Vaginal ultrasound gives an accurate picture of the location, size and structure of the uterus. During the examination, the gynaecologist gently slides the gel-coated probe into the vagina. By moving the head, the entire pelvis becomes visible.

Breast examination

During a palpatory breast examination, the gynaecologist examines the abnormalities around the breast as well as the armpits. Breast palpation is performed by a specialist only at the request of the patient. If you experience a lesion, the gynaecologist recommends an ultrasound or mammography.

Cervical cancer screening

During cervical cancer screening (cytology), the gynaecologist takes a secretion sample (smear) from the surface of the cervix and the front of the cervical canal using a cell sampling device, which is applied to a slide.

The given cell sample is subsequently subjected to a microscopic examination and evaluated by a cytopathologist. Possible pathological conditions can be inferred from changes in the epithelial cells in the smear.


A colposcope is a light-emitting and magnifying system that is capable of magnifying (usually 5 to 30 times) multiple parts of the body and living tissues.

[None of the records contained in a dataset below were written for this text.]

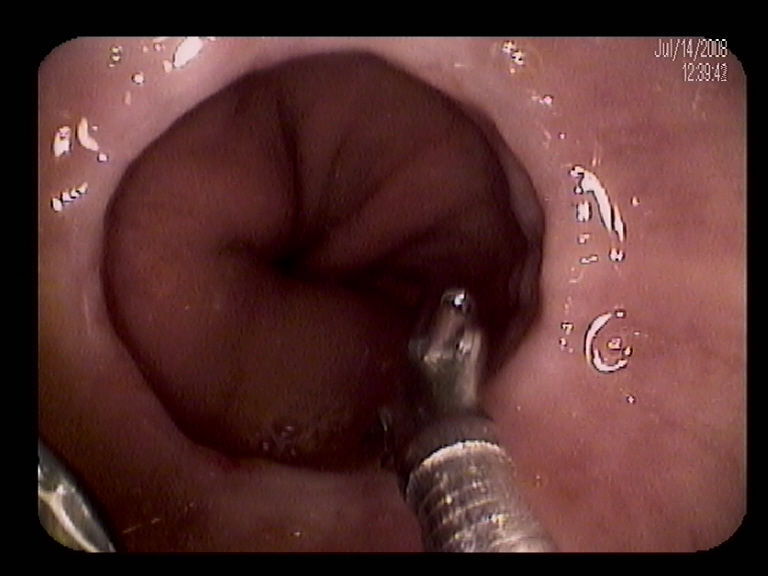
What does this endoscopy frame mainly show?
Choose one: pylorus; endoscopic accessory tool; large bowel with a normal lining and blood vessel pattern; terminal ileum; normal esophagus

endoscopic accessory tool
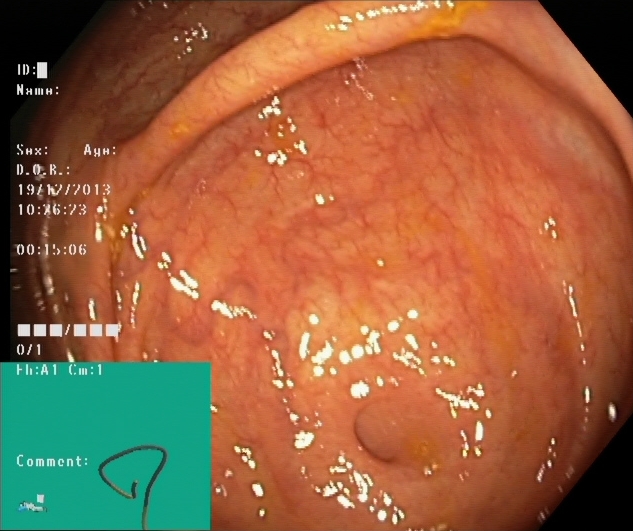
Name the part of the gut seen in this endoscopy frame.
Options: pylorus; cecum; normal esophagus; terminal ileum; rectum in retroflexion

cecum
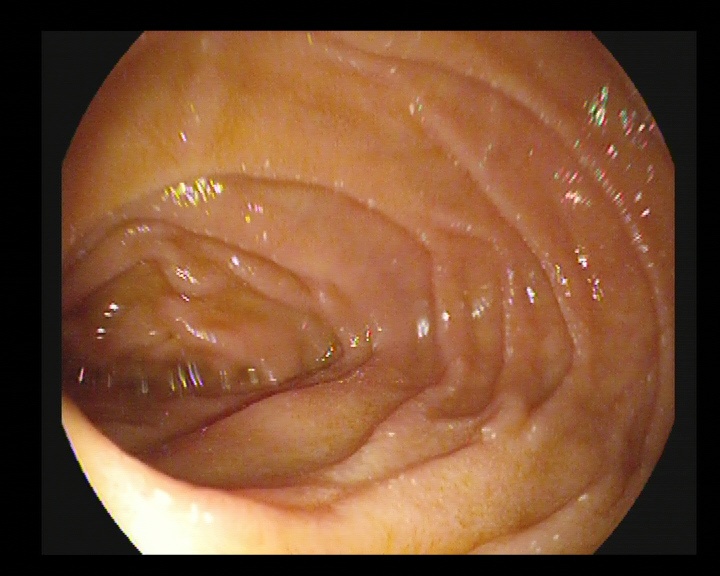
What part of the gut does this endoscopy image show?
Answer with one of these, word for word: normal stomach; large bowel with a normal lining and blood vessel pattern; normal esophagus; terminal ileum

terminal ileum
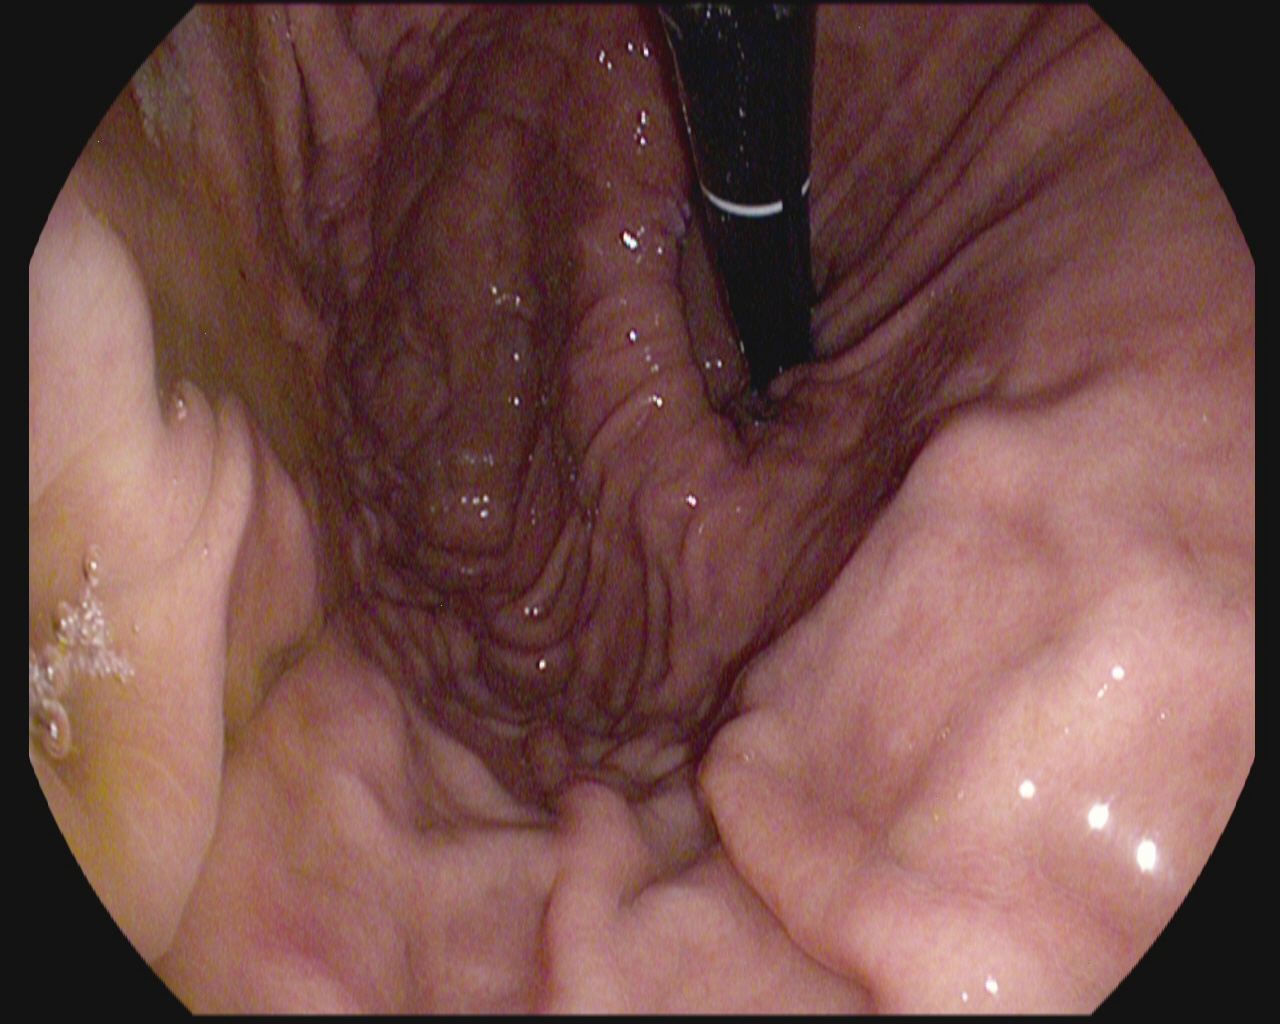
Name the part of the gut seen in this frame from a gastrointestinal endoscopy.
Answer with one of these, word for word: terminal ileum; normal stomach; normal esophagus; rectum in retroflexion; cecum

normal stomach
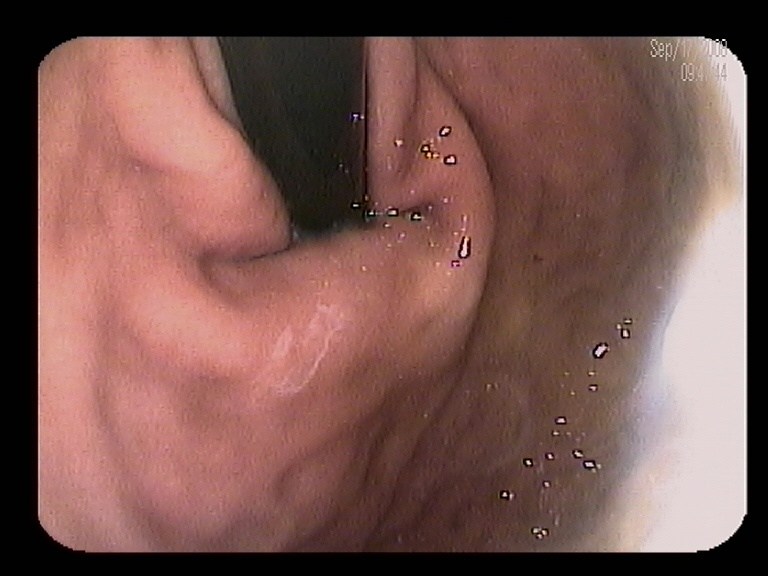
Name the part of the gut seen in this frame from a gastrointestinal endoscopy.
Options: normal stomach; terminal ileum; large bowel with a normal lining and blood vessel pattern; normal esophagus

normal stomach

If the results of the cervical cancer screening show a lesion, the gynaecologist will also perform a colposcopy. During the examination, the vaginal walls supported by the spatula allow the cervix to be seen. The examination itself is painless and takes only a few minutes after the vagina is explored. The epithelial abnormalities become more contrasting and easily visible on the surface of the cervix that is treated with acetic acid.

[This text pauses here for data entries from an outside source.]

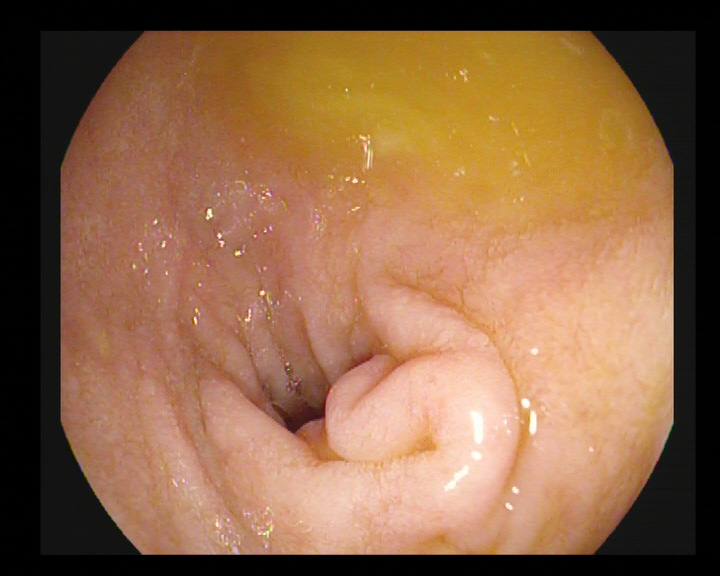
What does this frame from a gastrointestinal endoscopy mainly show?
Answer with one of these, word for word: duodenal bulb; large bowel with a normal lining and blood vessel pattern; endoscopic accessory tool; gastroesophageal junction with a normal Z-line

duodenal bulb
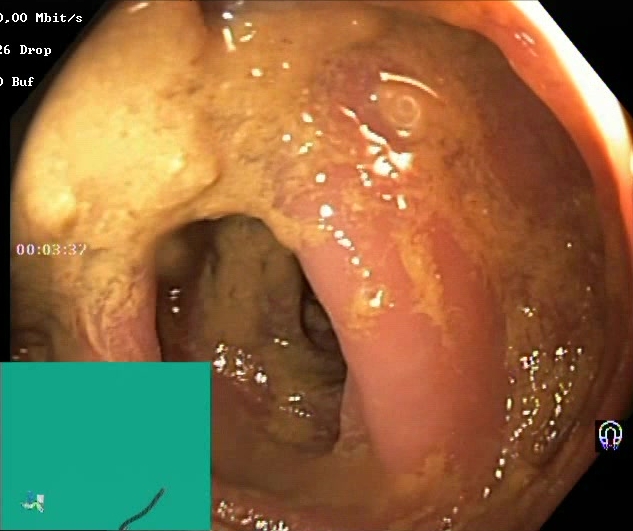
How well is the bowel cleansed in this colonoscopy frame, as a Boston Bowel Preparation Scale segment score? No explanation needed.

Boston Bowel Preparation Scale score 0–1 (inadequate preparation)
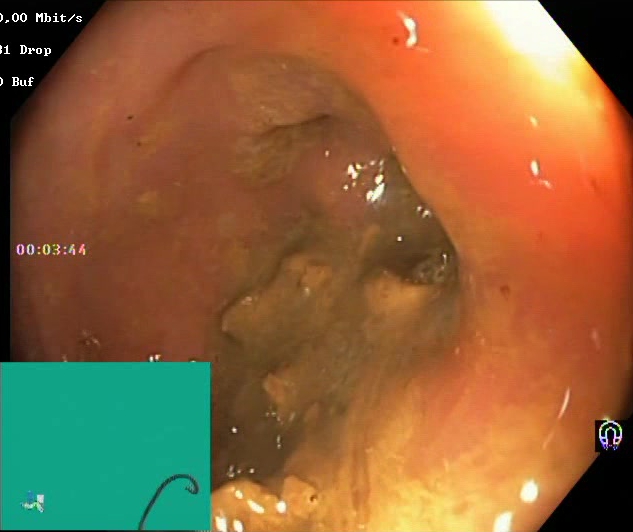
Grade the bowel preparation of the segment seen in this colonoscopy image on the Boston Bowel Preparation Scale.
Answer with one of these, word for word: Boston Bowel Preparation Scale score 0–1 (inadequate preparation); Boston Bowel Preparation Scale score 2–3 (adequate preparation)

Boston Bowel Preparation Scale score 0–1 (inadequate preparation)
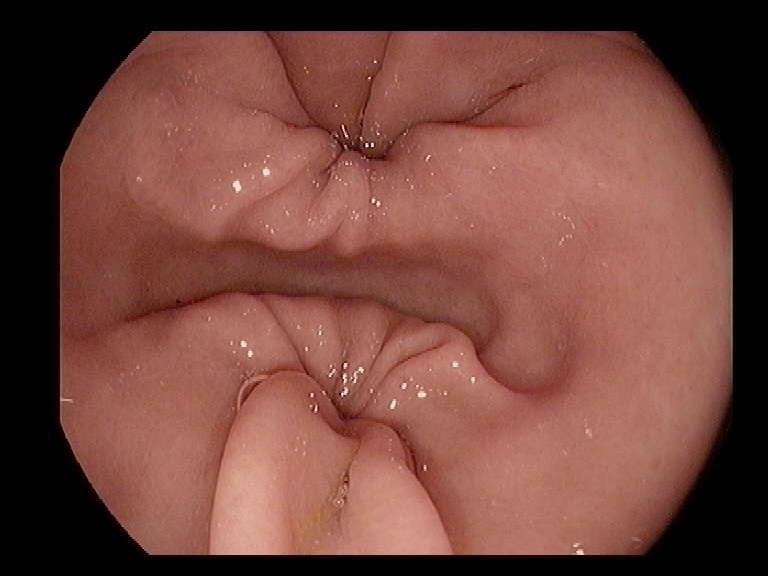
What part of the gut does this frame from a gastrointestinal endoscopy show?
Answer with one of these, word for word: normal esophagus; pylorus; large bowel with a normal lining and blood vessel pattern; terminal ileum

pylorus

The role and structure of the uterus

The female reproductive system is very complex. The female organ produces and carries eggs, while at the same time it is able to feed and protect the developing fetus.

The uterus can be divided into three parts: the vagina, cervix, and the uterus itself. In its role, it receives the fertilized egg so that the fetus can develop and then be born around the ninth month. It also nourishes the developing fetus. When the fetus reaches the appropriate level of development, the uterus helps its birth with the contractions of the muscle walls.

The uterus is an inversed pear-shaped organ located in the pelvis. Its walls are largely made up of solid smooth muscle. Its length is 7-8 cm, width is about 5 cm. It weighs 30-120 grams. For women who have already given birth, the size is slightly larger.

The ovary is an endocrine gland. It is almond-sized, and rests until puberty, then begins to produce female gametes, follicle hormones, and corpus luteum hormones. Its operation changes every 28 days or so, and it stops functioning in menopause.

What do you need to know about cervical cancer?

Cervical cancer is the second most common malignancy after breast cancer when it comes to women. It mainly occurs between the ages of 30 and 40, but recently, it has also increasingly affected the younger age group. In Hungary, more than 1 000 diseases are diagnosed every year. Unfortunately, the majority of patients have never been screened before.

Cervical cancer is asymptomatic for a long time, usually causing symptoms rather late. Abnormal bleeding and unusual flow can draw attention to the disease. During screening, even before the onset of complaints, we may find lesions that suggest a precancerous condition or early cancer. Almost one hundred percent of early stage cancer can be cured. Once the disease has developed, the more effective the complex treatment, the earlier it is diagnosed.